Because of other issues in the economy such as high interest rates, high government domestic arrears and a weak Shilling, most businesses defaulted big time.

For example, some of Crane Bank’s biggest defaulters, including businessmen, are both owed big money by government. For anyone who has closely followed the banking industry over the last eight to 10 years, you will realise the failure by the central bank and or government to tame high interest rates, is the bedrock for the high NPLs and is even having wider disastrous effects on the economy as a whole. On average, interest rates between 2010 and 2018

have been at 22.6 per cent. This is also the period in which there has been a record decline in Private Sector Credit growth from annual growths of 34.1 per cent in 2010 to a mere 6.2 per cent in 2017. Again during this period, we saw, NPLs to gross loans grow by more than 5 times from 2.1 per cent in 2010 to 10.5 per cent in 2016. Although this eased to 5.59 per cent by end of 2017, this is still the 3rd highest rate in 14 years!

I have previously argued that the sooner everyone accepted that the economy is in problems and we got down to finding real solutions, the better. I have also argued that even with Crane Bank out of the picture, at 5.59 per cent, NPLs for 2017 are still very high- nearly three times higher than the pre-2008 financial crisis levels of 2.12 per cent.

In the just released results, Stanbic Bank, the country’s biggest lender, reported that NPLs have worsened from 1.5 per cent in 2015 to 3.2 per cent in 2016 and more than doubled in 2017 to above industry figures of 6.8 per cent.

Centenary Bank, one of the other big banks, also reported Shs80 billion in NPLs. And the banks are reacting by not lending despite having the money.

For example, in their 2017 results, Stanbic reported that their gross loans to total deposit ratios- the ratio that measures what percentage of a bank’s deposits are actually being lent out, had reduced from 82.7 per cent in 2013 to 60.7 per cent in 2017 while dfcu’s ratios have reduced from 88 per cent to 67 per cent in the same period.
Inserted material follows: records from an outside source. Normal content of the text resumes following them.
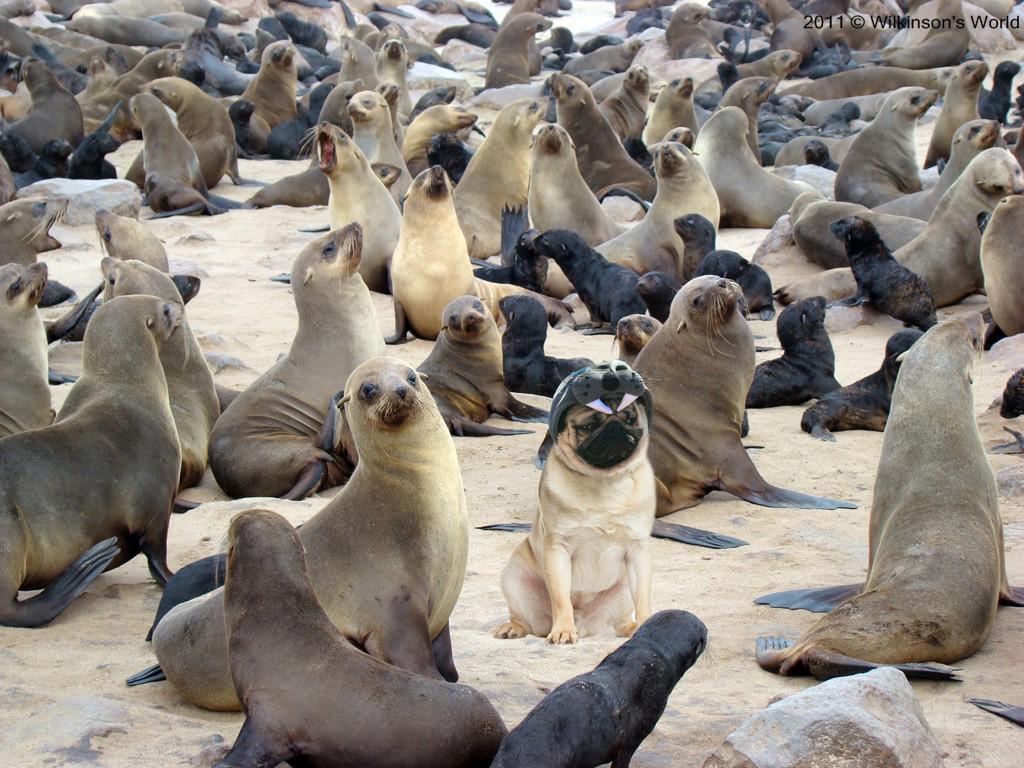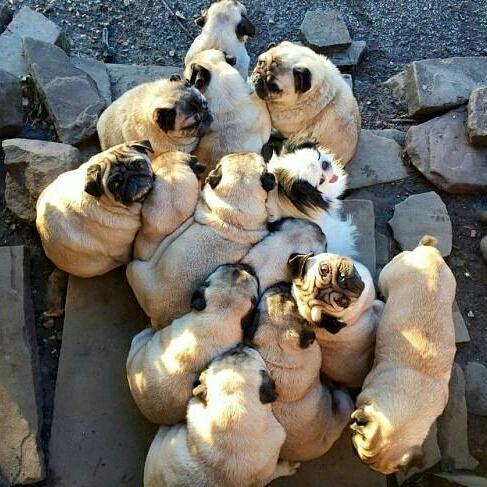The first image is the image on the left, the second image is the image on the right. Considering the images on both sides, is "Exactly one pug dog is shown in a scene with water." valid? Answer yes or no. No. The first image is the image on the left, the second image is the image on the right. Assess this claim about the two images: "The dog on the left is near an area of water.". Correct or not? Answer yes or no. No. 
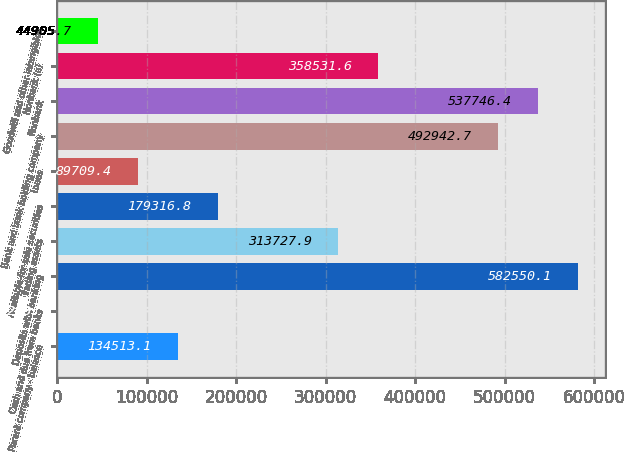Convert chart to OTSL. <chart><loc_0><loc_0><loc_500><loc_500><bar_chart><fcel>Parent company - balance<fcel>Cash and due from banks<fcel>Deposits with banking<fcel>Trading assets<fcel>Available-for-sale securities<fcel>Loans<fcel>Bank and bank holding company<fcel>Nonbank<fcel>Nonbank (a)<fcel>Goodwill and other intangibles<nl><fcel>134513<fcel>102<fcel>582550<fcel>313728<fcel>179317<fcel>89709.4<fcel>492943<fcel>537746<fcel>358532<fcel>44905.7<nl></chart> 
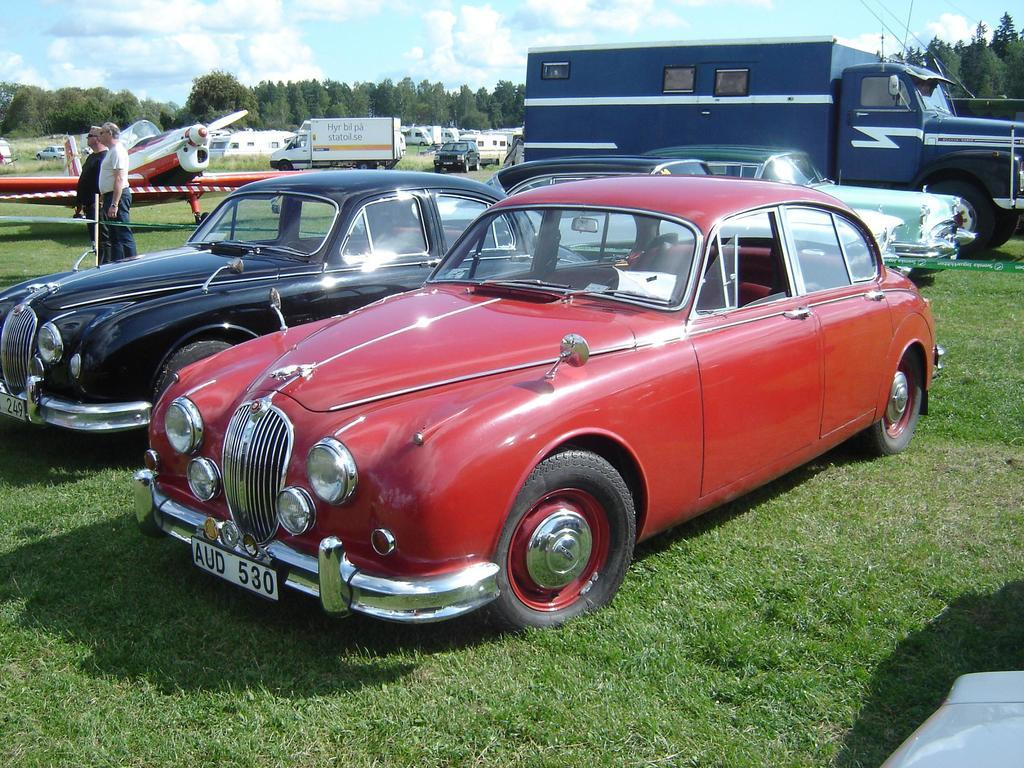What types of objects can be seen in the image? There are vehicles in the image. Can you describe the people in the image? There are two persons standing on the ground in the image. What type of natural environment is visible in the image? There are trees in the image. What is visible in the background of the image? The sky is visible in the background of the image, and clouds are present in the sky. What type of gold effect can be seen on the vehicles in the image? There is no gold effect present on the vehicles in the image. What process is being used to create the clouds in the image? The image is a photograph, and the clouds are naturally occurring in the sky, so there is no process being used to create them in the image.

If at all Kitamirike and the central bank are genuinely interested in macro-economic stability, we should be discussing widening of private sector credit, getting government to pay all their creditors on time, etc, because what kind of stability is it when you are closing down your largest banks?


Mr Kyamutetera is the Executive Editor, the CEO East Africa Magazine.